The general research goal is to understand the detailed structure of human language processing systems and to determine the ways in which they relate to non-linguistic cognitive functions. This interaction of language and cognition provides a framework for a deeper understanding of the ways in which normal communicative functions may be compromised due to brain injury or disease. The theoretical issues of concern to us arise from the study of normal adult language users, and the projects we propose for support pursue fundamental language processing questions that rely on an established base of experimental findings. The studies described for the renewal encompass a number of basic lexical level and sentence level processes in both language production and language comprehension systems. The sequence of our research steps begins with normal processing studies and proceeds to specific extensions of our findings and methodologies for selected language disordered groups, including those with aphasia, acquired dyslexia, and AIzheimer's disease. Our lexical processing studies investigate basic word recognition and retrieval, with emphasis on visual processing systems and their response to orthographic and phonological representations for words. In addition, our work addresses word retrieval for language production where that retrieval is driven both by written inputs and by conceptual inputs.
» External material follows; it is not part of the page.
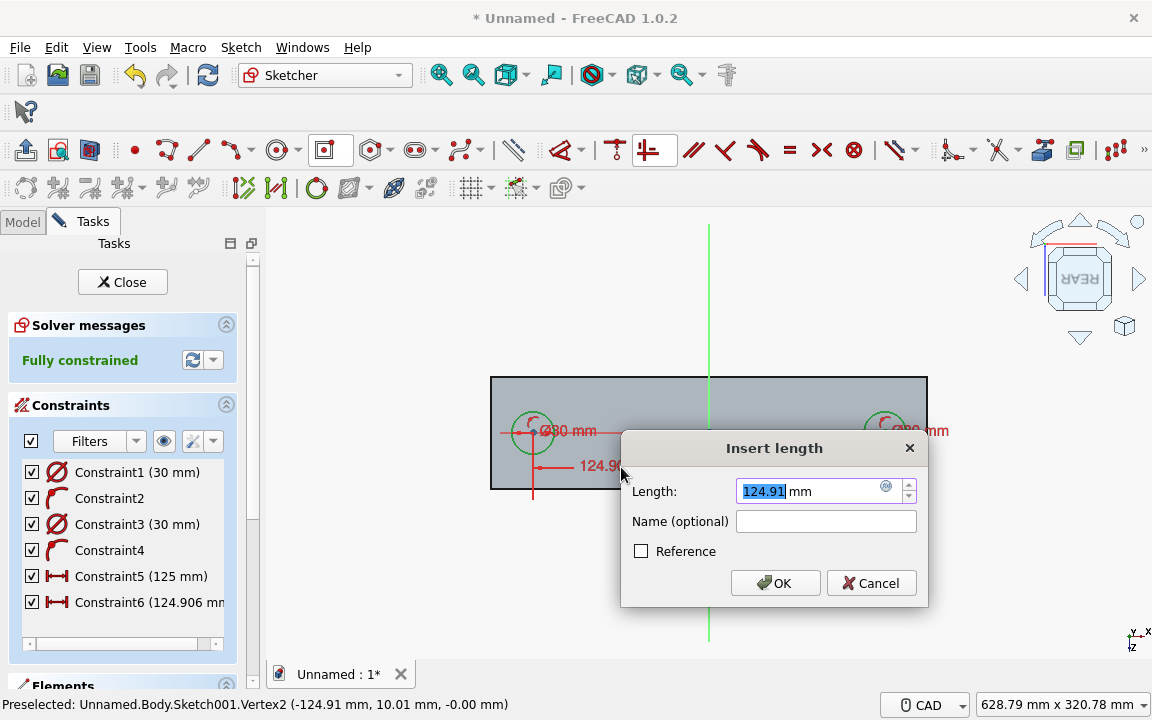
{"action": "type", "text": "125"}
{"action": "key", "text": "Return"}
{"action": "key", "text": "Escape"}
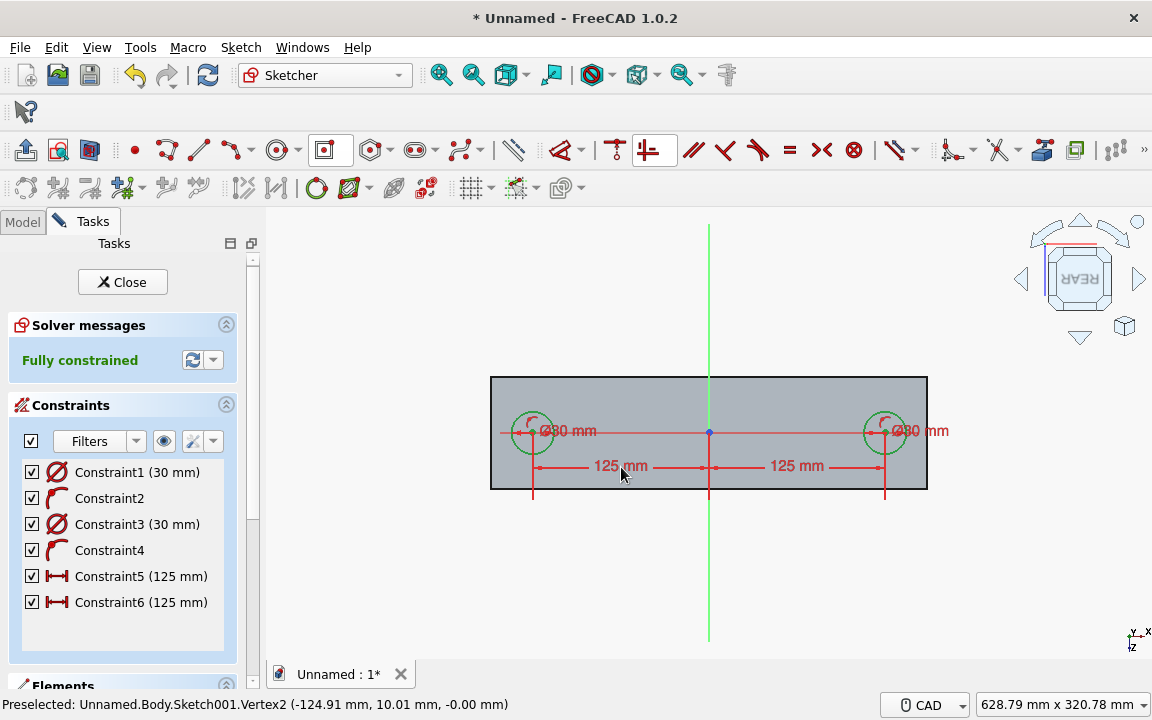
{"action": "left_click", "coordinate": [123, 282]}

Our sentence processing studies investigate specific aspects of systems that assign phrasal and logical form to sentences, with special emphasis on structures that are discontinuous and, therefore, place significant on-line memory demands on processing success whether for comprehension or production. These structures include the assignment of conference relations and the assignment and interpretation of agreement and concord. In all of the areas of our study, we are committed to the cross-language comparisons of the processing effects that we identify, both in our study of normal processing and in our ultimate approaches to disordered language as well.